If progressives think they can enlist Christianity just to win politically, they’re in for a rude awakening.
Pete Buttigieg

Thanksgiving is now over, which means the grinches and scrooges among us can no longer complain about malls playing Christmas music. I avoid malls as a rule, but during the holiday season especially. As a boy, I developed a serious case of PTSD (Post-Thanksgiving Stress Disorder). My mother would drag me to Macy’s when she did her Christmas shopping and, as a bashful young Presbyterian, I’d cover my eyes whenever we passed through the ladies’ underwear section. Without fail, this would end with my knocking over some scantily clad mannequin or banging my head on a table covered with lacy underwear.

I’ve since become a Catholic, though I’m still as bashful as the most prudish of my Puritan forebears. I still do my best to avert my gaze from all such lewd and wanton stuff—the 2020 election, for instance. This is especially difficult, since my profession requires me to read newspapers. Every time I open The Wall Street Journal, I feel as though I’m eight years old again, only the entire mall has been converted into a giant Victoria’s Secret.

Even though I can’t completely shield my own innocence from the Democratic primary, I do my best to retain as little information as possible. In this instance, ignorance really is bliss. Politics is like childbirth: I thank God someone is willing to endure it, and I thank Him, too, that it won’t be me.

In those moments of boyish curiosity when I steal a glimpse of the lecherous display beyond my shuttered fingers, I’m given to understand that there’s a revival of something called the “Christian Left”—and that, moreover, it centers around Mayor Pete Buttigieg. I don’t know what Mr. Buttigieg has done to inspire this new Great Awokening. I presume he hasn’t, for instance, sold all of his possessions and given his fortune to the poor. It doesn’t seem he’s quitting politics so he can devote himself to clothing the naked and visiting the imprisoned. I’ve heard nothing to suggest he’s separating from his “husband” and taking a vow of perpetual chastity so he can spend the rest of his life in contemplative prayer.

No: most likely, he’s simply said something. I’m sure it had to do with the alleged hypocrisy of the “Christian Right.” Jesus wouldn’t care whom we go to bed with, Mr. Buttigieg would argue; whether a woman carries her baby to term or kills it in the womb is a matter of perfect indifference to Our Blessed Lord. All He really asks of us is that we be nice to gay people and immigrants.

I did read, with no little interest, an op-ed published in The New York Times late last month by Bianca Vivion Brooks called “To Take On the Religious Right, We Need a Religious Left.” Ms. Brooks asks her readers:

What do we relinquish as a society when a cooperative faith dissipates? Beyond spiritual guidance, the church was my earliest exposure to effective social organization, people rallying around collective belief to create lasting material change in the lives of those who needed it most. Collective belief demands social cooperation and interdependence bound to a principled obligation with expectations of self-sacrifice.
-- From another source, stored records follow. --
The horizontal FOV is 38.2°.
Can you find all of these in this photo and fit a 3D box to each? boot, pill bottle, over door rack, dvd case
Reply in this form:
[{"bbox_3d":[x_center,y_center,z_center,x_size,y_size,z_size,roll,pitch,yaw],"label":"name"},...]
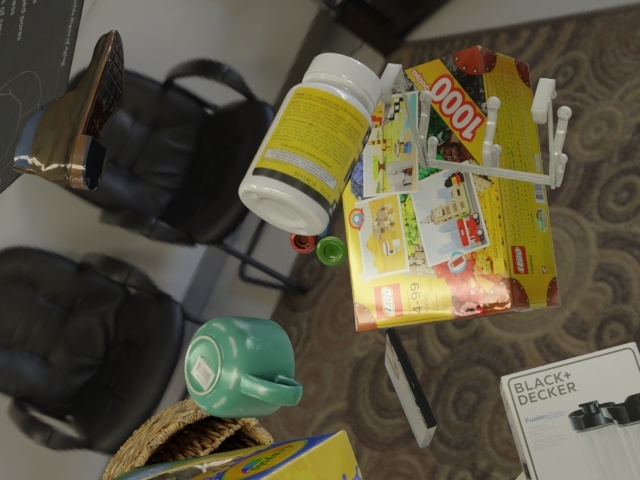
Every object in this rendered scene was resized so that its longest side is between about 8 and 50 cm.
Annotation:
[{"bbox_3d":[-0.319,-0.173,1.174,0.106,0.082,0.219,6,71,9],"label":"boot"},{"bbox_3d":[-0.007,-0.121,1.149,0.119,0.119,0.208,-3,57,55],"label":"pill bottle"},{"bbox_3d":[0.246,-0.184,1.387,0.240,0.324,0.108,10,77,20],"label":"over door rack"},{"bbox_3d":[0.155,0.266,1.638,0.022,0.253,0.180,-22,70,-4],"label":"dvd case"}]

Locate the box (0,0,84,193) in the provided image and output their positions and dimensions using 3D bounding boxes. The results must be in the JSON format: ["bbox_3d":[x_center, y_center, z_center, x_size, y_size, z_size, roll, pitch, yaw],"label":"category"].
[{"bbox_3d":[-0.588,-0.276,1.342,0.479,0.297,0.471,-66,-4,37],"label":"box"}]

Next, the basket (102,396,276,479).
[{"bbox_3d":[-0.234,0.441,1.749,0.299,0.213,0.223,-36,25,-23],"label":"basket"}]

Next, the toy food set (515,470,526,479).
[{"bbox_3d":[0.393,0.383,1.403,0.128,0.071,0.218,-37,46,-16],"label":"toy food set"}]

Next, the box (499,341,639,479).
[{"bbox_3d":[0.329,0.282,1.080,0.169,0.087,0.289,-15,70,7],"label":"box"}]

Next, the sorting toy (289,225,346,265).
[{"bbox_3d":[0.000,0.000,1.555,0.042,0.102,0.061,-51,-20,-70],"label":"sorting toy"}]

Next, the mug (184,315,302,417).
[{"bbox_3d":[-0.102,0.156,1.161,0.158,0.097,0.129,-25,65,42],"label":"mug"}]

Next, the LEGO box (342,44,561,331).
[{"bbox_3d":[0.242,-0.087,1.854,0.373,0.193,0.500,-13,79,40],"label":"LEGO box"}]

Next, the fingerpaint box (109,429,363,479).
[{"bbox_3d":[-0.214,0.351,0.890,0.371,0.445,0.163,-20,89,41],"label":"fingerpaint box"}]
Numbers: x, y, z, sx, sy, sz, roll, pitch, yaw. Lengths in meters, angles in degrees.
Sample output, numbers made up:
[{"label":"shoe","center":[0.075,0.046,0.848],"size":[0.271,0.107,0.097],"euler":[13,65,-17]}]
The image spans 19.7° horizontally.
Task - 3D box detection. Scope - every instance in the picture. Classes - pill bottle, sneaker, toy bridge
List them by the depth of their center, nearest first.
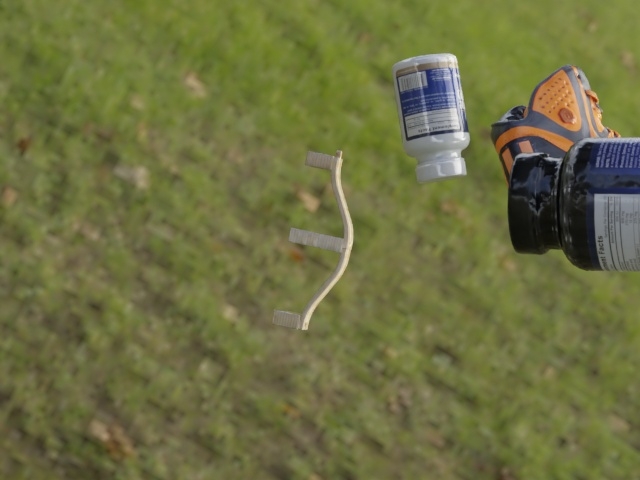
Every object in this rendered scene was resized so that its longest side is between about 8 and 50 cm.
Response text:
[{"label":"pill bottle","center":[0.284,-0.032,1.648],"size":[0.219,0.123,0.123],"euler":[2,9,19]},{"label":"pill bottle","center":[0.111,-0.119,1.811],"size":[0.067,0.120,0.067],"euler":[-9,-4,-1]},{"label":"toy bridge","center":[0.000,0.000,1.882],"size":[0.063,0.188,0.026],"euler":[12,0,15]},{"label":"sneaker","center":[0.308,-0.095,1.922],"size":[0.321,0.124,0.180],"euler":[2,56,-44]}]
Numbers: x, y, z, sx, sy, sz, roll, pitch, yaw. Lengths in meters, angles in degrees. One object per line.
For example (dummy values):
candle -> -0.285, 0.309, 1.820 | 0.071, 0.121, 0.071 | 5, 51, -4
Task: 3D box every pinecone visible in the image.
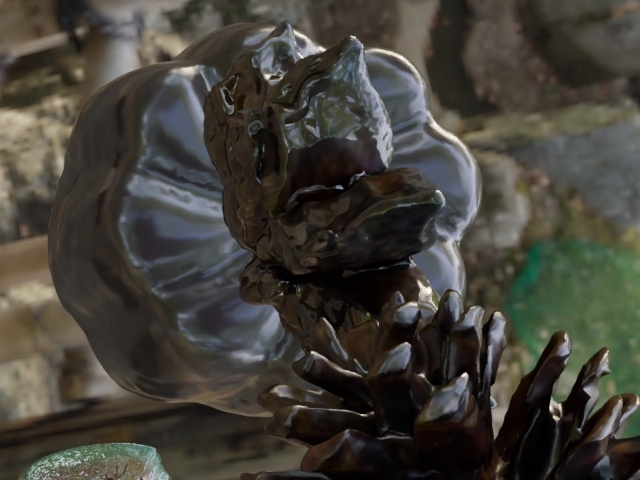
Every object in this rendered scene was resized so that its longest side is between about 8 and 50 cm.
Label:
pinecone -> 0.060, 0.113, 0.835 | 0.208, 0.208, 0.207 | 37, 47, -55

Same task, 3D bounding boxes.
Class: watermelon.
watermelon -> -0.218, 0.234, 1.817 | 0.101, 0.155, 0.080 | 118, -12, -52

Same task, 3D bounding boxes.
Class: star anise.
star anise -> 0.000, 0.000, 0.994 | 0.236, 0.109, 0.223 | -147, -143, -68

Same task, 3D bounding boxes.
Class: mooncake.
mooncake -> -0.038, -0.018, 1.310 | 0.306, 0.154, 0.306 | 3, 80, -19
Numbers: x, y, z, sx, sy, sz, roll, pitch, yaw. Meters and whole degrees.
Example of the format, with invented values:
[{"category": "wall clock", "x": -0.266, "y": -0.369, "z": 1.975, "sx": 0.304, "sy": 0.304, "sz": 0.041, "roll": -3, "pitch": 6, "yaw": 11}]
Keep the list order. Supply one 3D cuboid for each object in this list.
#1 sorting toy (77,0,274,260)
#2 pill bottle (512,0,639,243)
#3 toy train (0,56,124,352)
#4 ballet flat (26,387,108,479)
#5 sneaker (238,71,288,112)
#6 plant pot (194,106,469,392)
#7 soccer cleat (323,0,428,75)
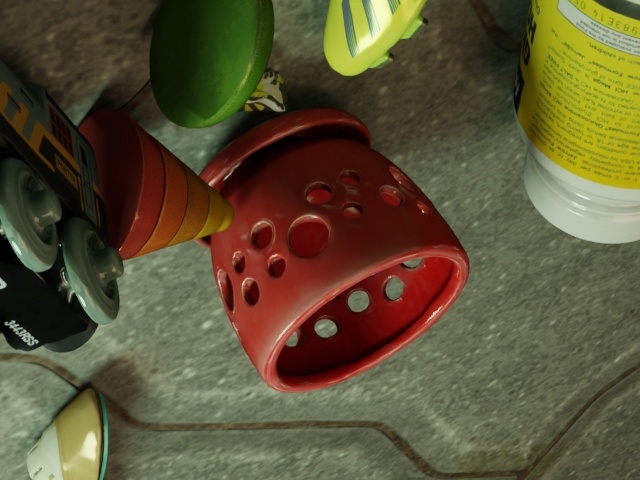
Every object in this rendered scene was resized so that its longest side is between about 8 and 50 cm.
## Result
[{"category": "sorting toy", "x": -0.052, "y": -0.115, "z": 1.432, "sx": 0.126, "sy": 0.127, "sz": 0.365, "roll": 12, "pitch": 127, "yaw": -38}, {"category": "pill bottle", "x": 0.257, "y": -0.154, "z": 1.613, "sx": 0.188, "sy": 0.188, "sz": 0.334, "roll": -20, "pitch": 146, "yaw": -20}, {"category": "toy train", "x": -0.241, "y": -0.049, "z": 1.312, "sx": 0.142, "sy": 0.190, "sz": 0.334, "roll": -20, "pitch": 147, "yaw": 12}, {"category": "ballet flat", "x": -0.233, "y": 0.219, "z": 1.791, "sx": 0.073, "sy": 0.080, "sz": 0.232, "roll": -5, "pitch": 140, "yaw": -14}, {"category": "sneaker", "x": -0.055, "y": -0.115, "z": 1.545, "sx": 0.035, "sy": 0.031, "sz": 0.083, "roll": -12, "pitch": 169, "yaw": 28}, {"category": "plant pot", "x": 0.000, "y": 0.000, "z": 1.592, "sx": 0.191, "sy": 0.174, "sz": 0.191, "roll": -24, "pitch": 155, "yaw": -12}, {"category": "soccer cleat", "x": 0.051, "y": -0.241, "z": 1.434, "sx": 0.121, "sy": 0.093, "sz": 0.289, "roll": 17, "pitch": 134, "yaw": -15}]

The flaw in this thinking is obvious right from the title. Progressives will never be able to engineer an effective rival to the Religious Right, if only because spirituality itself can’t be engineered. No doubt most Democrats would see the usefulness of such a “Religious Left,” but faith isn’t a matter of utility. The Religious Right—whatever its faults—is so effective because it draws from the earnest beliefs of traditional Christians. Yet as Ms. Brooks herself admits, progressives simply aren’t very interested in organized religion.

Which is why previous attempts by Democratic elites to concoct a Religious Left have always been purely mercenary. I think of senior Clinton aide John Podesta, who, in certain leaked emails, called the Catholic Church “a Middle Ages dictatorship.” Mr. Podesta admitted that he’d created two activist groups—Catholics in Alliance for the Common Good and Catholics United—to bring “a little democracy and respect for gender equality” into the Church.

This wasn’t always the case. Christians were once at the forefront of progressive politics. Many leading abolitionists, like John Greenleaf Whittier, were Quakers. Unitarian theologians like William Ellery Channing were the brain trust of social liberalism. Catholic immigrants formed the backbone of the early labor movement. But progressives threw off the mantle of organized religion in the 1970s, embracing the hedonistic secularism of that era. Do they really expect they’ll be able to win back Christian voters simply by peppering their campaign speeches with vapid references to the Sermon on the Mount?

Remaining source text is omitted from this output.